[Stored data entries]
###
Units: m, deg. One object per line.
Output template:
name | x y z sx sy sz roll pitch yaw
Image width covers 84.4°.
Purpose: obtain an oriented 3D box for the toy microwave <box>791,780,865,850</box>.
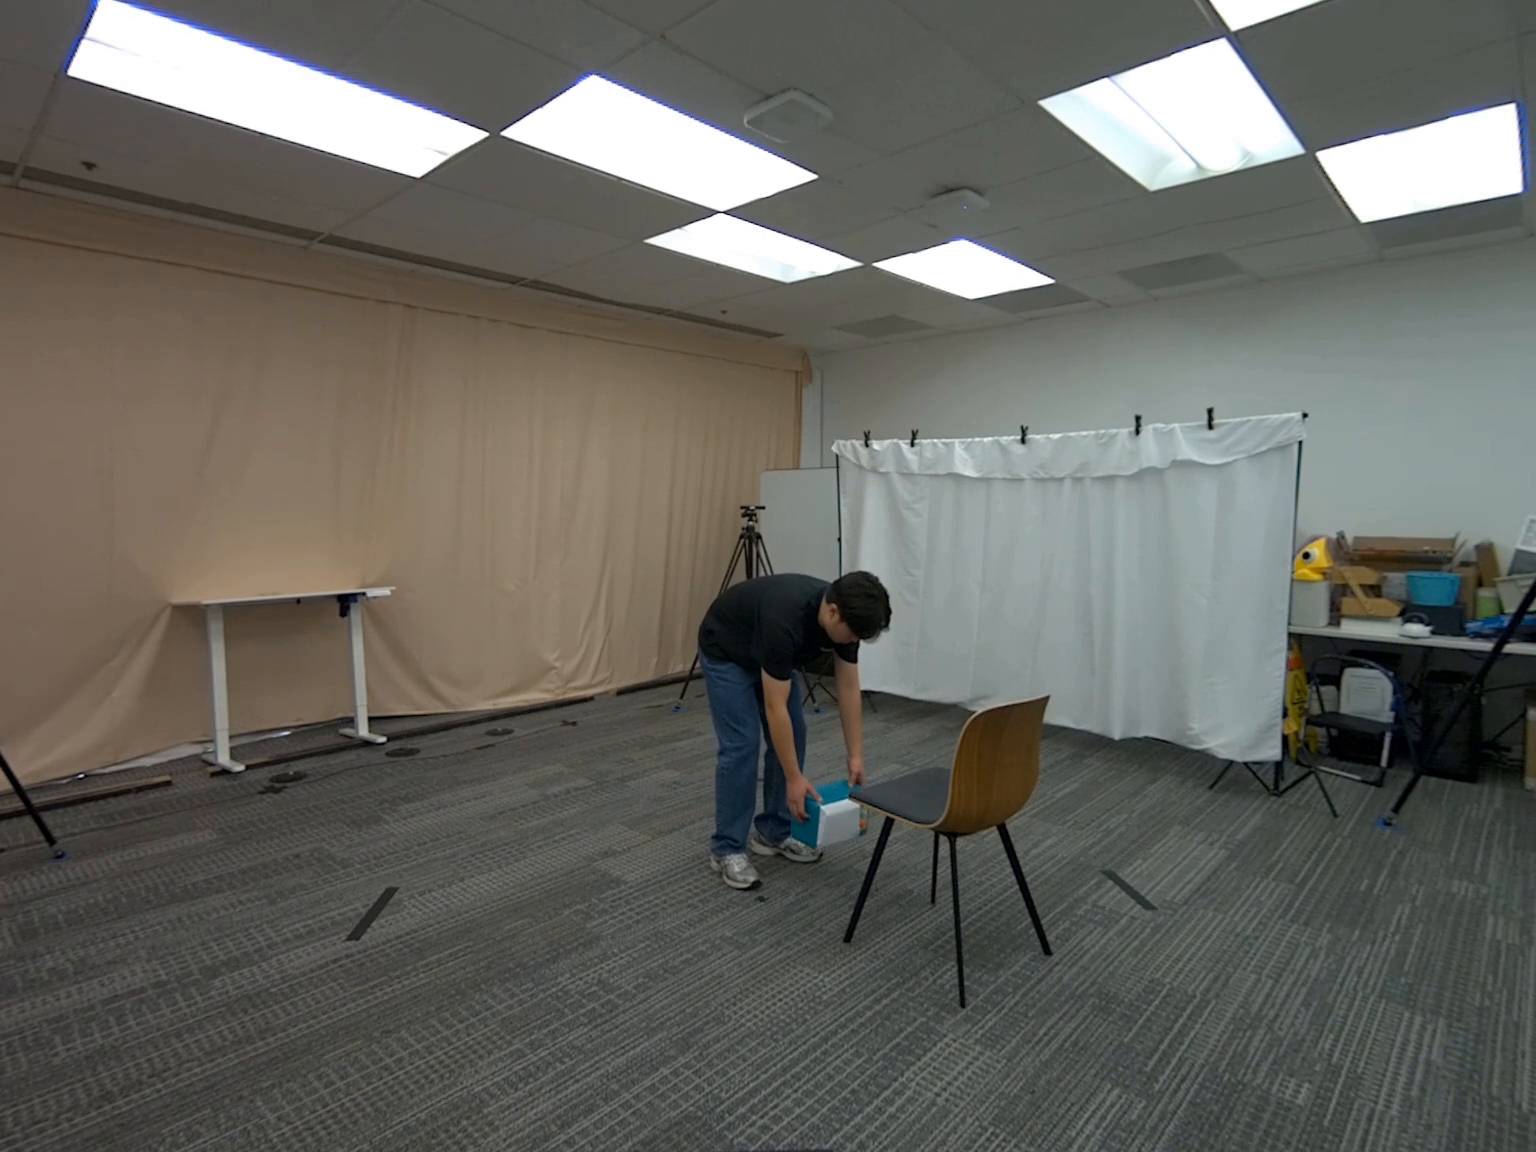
toy microwave | 0.243 0.877 3.077 0.277 0.183 0.157 -1 7 -37
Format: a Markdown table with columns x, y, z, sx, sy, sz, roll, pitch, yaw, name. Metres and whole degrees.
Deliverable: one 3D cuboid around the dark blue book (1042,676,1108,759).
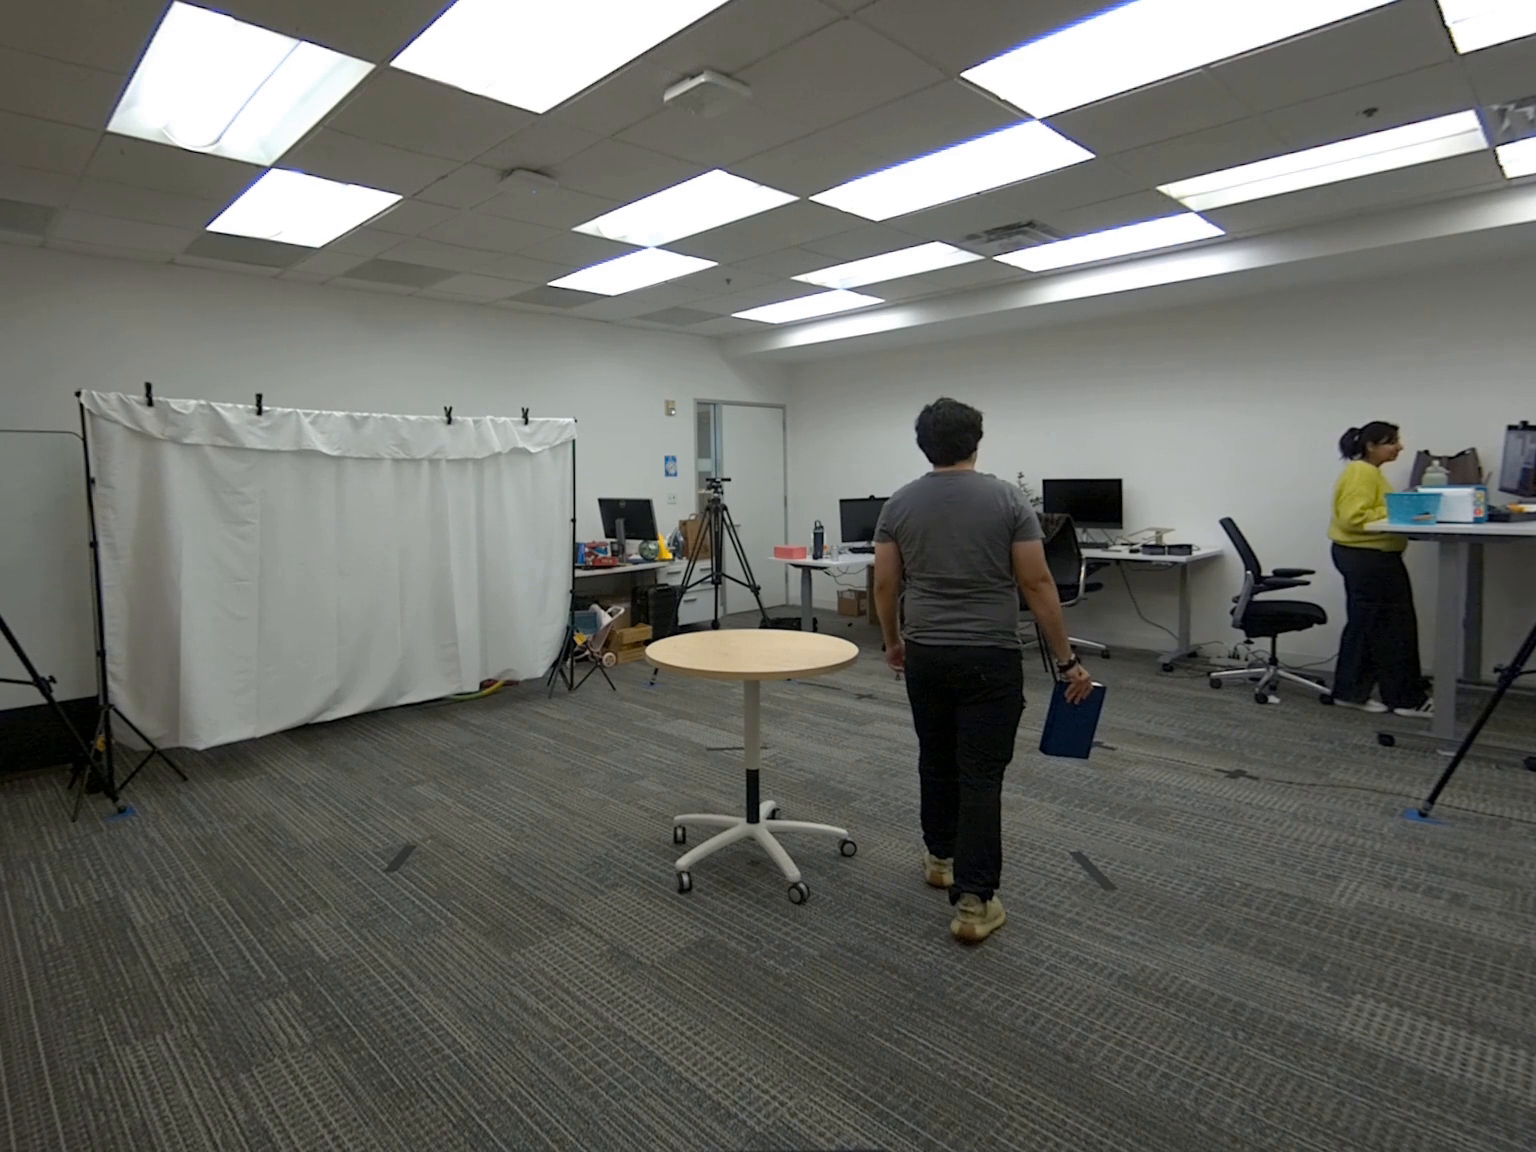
###
Goal of the exercise |
Once the pictures are set aside, give every line above again without alteration.

Expected output |
Units: m, deg. One object per line.
Output template:
name | x y z sx sy sz roll pitch yaw
Image width covers 84.4°.
Purpose: obtain an oriented 3D box for the toy microwave <box>791,780,865,850</box>.
toy microwave | 0.243 0.877 3.077 0.277 0.183 0.157 -1 7 -37
Format: a Markdown table with columns x, y, z, sx, sy, sz, roll, pitch, yaw, name. Metres and whole degrees.
Deliverable: one 3D cuboid around the dark blue book (1042,676,1108,759).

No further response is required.